Melchior propôs-lhes as dúvidas dos historiadores e dos letrados e a nova
assembleia deliberou durante trinta dias. E no trigésimo dia levantou-se Kish, que disse: — As multidões ignorantes curvam-se em frente dos ídolos, mas
aqueles que meditam conhecem a solidão do universo. Que redentor poderemos
esperar? O universo é como uma máquina bem regulada que sem princípio nem fim
gira lentamente através das idades e dos ciclos. Nas constelações e nas luas,
nos triângulos e nos círculos, encontrarás as leis dos números que se cumprem
e se cumprirão inexoravelmente. Que redenção poderemos esperar? E falou depois Maro, que disse: — Os deuses que existiram extinguiram-se há muito, e aquilo
que adoramos é apenas a cinza do divino. Qual é, na idade em que vivemos, o
homem que viu um anjo? Onde está aquele que ouviu, com os seus ouvidos de
carne, a palavra de Ísis ou de Assur? Vivemos um tempo de viuvez e todas as
coisas se tornaram cegas e surdas. Num mundo de injustiça e de desordem
tentamos sobreviver como animais perseguidos.
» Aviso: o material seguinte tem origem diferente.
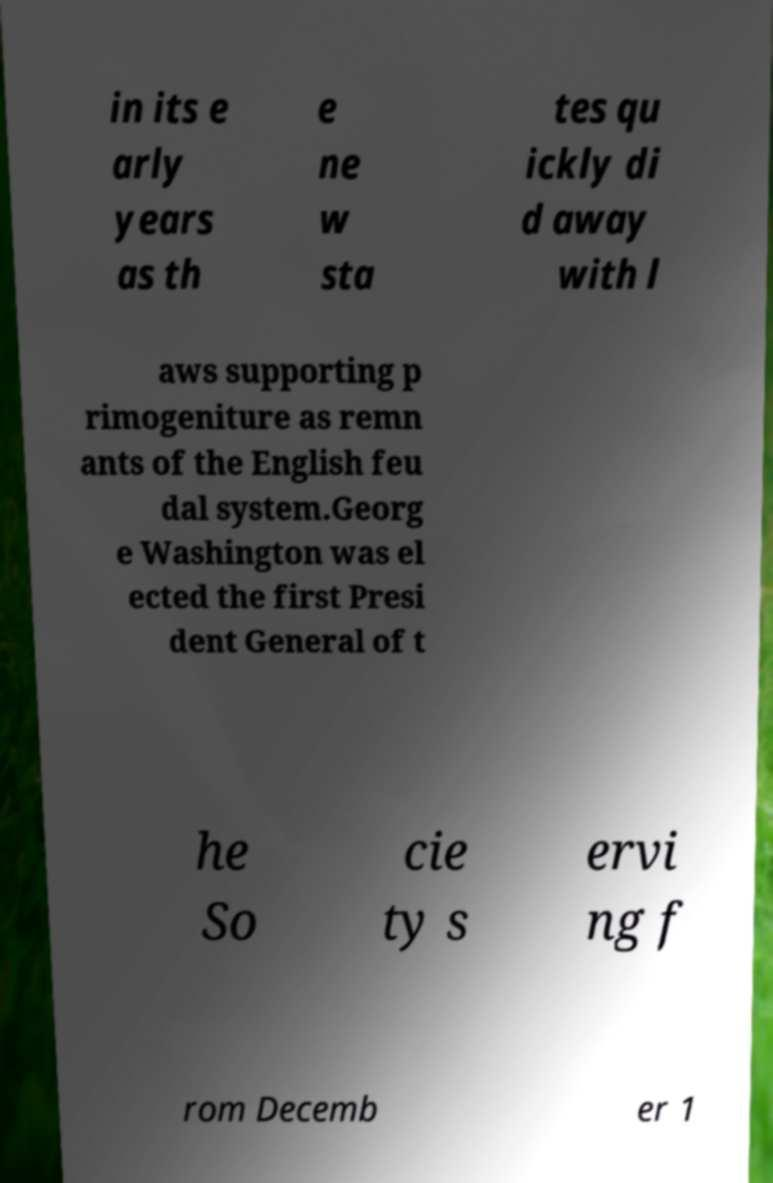There's text embedded in this image that I need extracted. Can you transcribe it verbatim? in its e arly years as th e ne w sta tes qu ickly di d away with l aws supporting p rimogeniture as remn ants of the English feu dal system.Georg e Washington was el ected the first Presi dent General of t he So cie ty s ervi ng f rom Decemb er 1 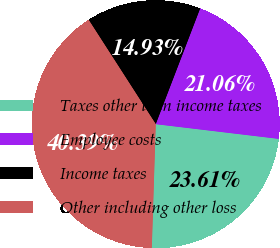Convert chart. <chart><loc_0><loc_0><loc_500><loc_500><pie_chart><fcel>Taxes other than income taxes<fcel>Employee costs<fcel>Income taxes<fcel>Other including other loss<nl><fcel>23.61%<fcel>21.06%<fcel>14.93%<fcel>40.39%<nl></chart> 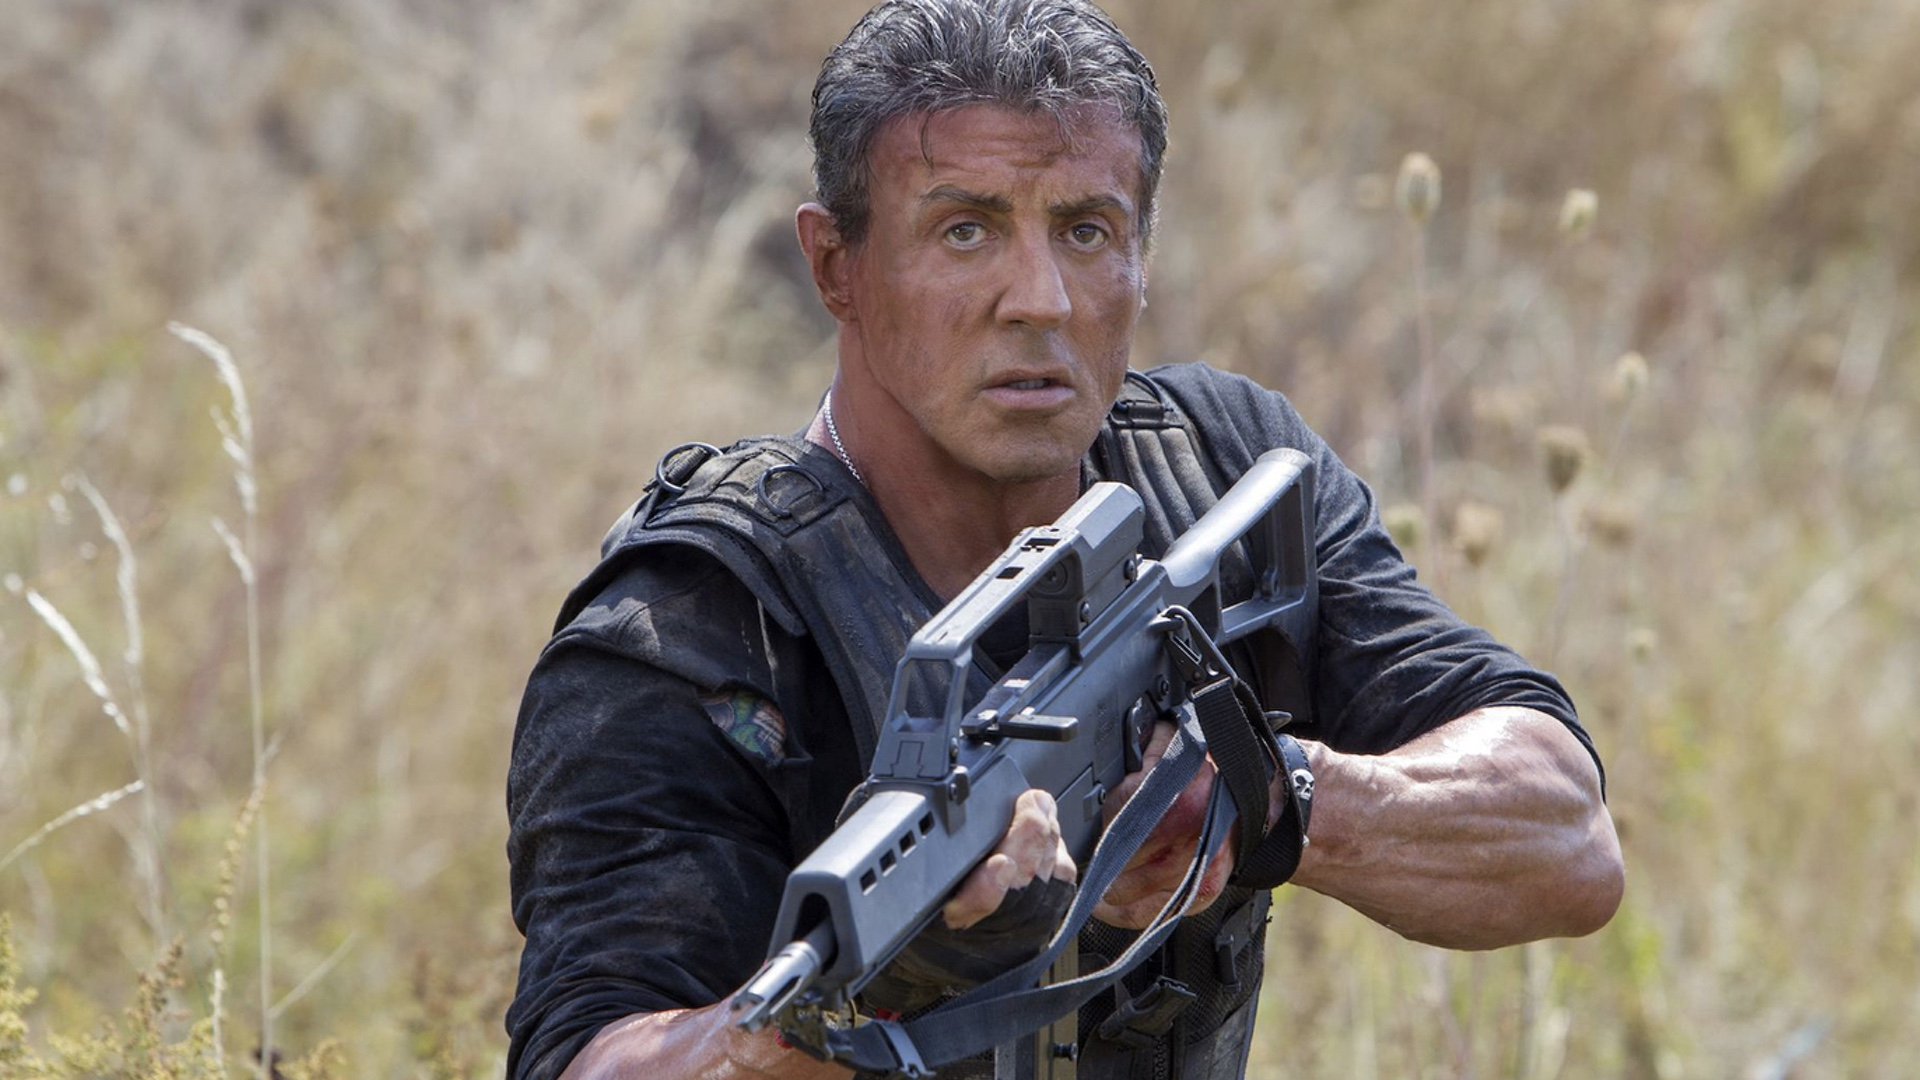Describe the emotional state of John Rambo in this image. John Rambo's emotional state in this image appears to be one of intense vigilance and determination. His furrowed brow and unwavering gaze indicate that he is mentally prepared for a serious confrontation. There's a blend of focused aggression and stoic resolve in his demeanor, reflecting the gravity of the situation he finds himself in.

Quebrou-se o laço que nos
ligava ao universo atento. Podemos bater com os punhos na terra, podemos
implorar com a cabeça tocando a poeira. Ninguém responderá. Cegou o olhar que
nos via e o ouvido que nos escutava secou. Tudo nos é alheio como um lugar
que não nos reconhece. E o brilho dos astros impassíveis cintila sobre a
nossa tristeza. Quem pode esperar que uma estrela se mova? Falou em seguida Tot, e disse: — Nascemos para morrer. Toda a nossa esperança se resolverá em
cinza. Onde está o homem que não morreu? O próprio Alexandre, filho de Ámon,
que estabeleceu o seu Império desde o Egipto até ao reino de Pórus, morreu
miseravelmente nos palácios da Babilónia. E no entanto a sua radiosa
juventude parecia mostrar a natureza de um Deus, e era tão grande a sua
perfeição que ninguém podia julgá-la mortal. Quem poderia acreditar que
morresse o seu corpo equilibrado e liso como uma coluna, a sua inteligência
aguda e limpa como o sol, o seu olhar direito que simplificava todas as
coisas, o seu rosto brilhante como um estandarte e a sua alegria invencível?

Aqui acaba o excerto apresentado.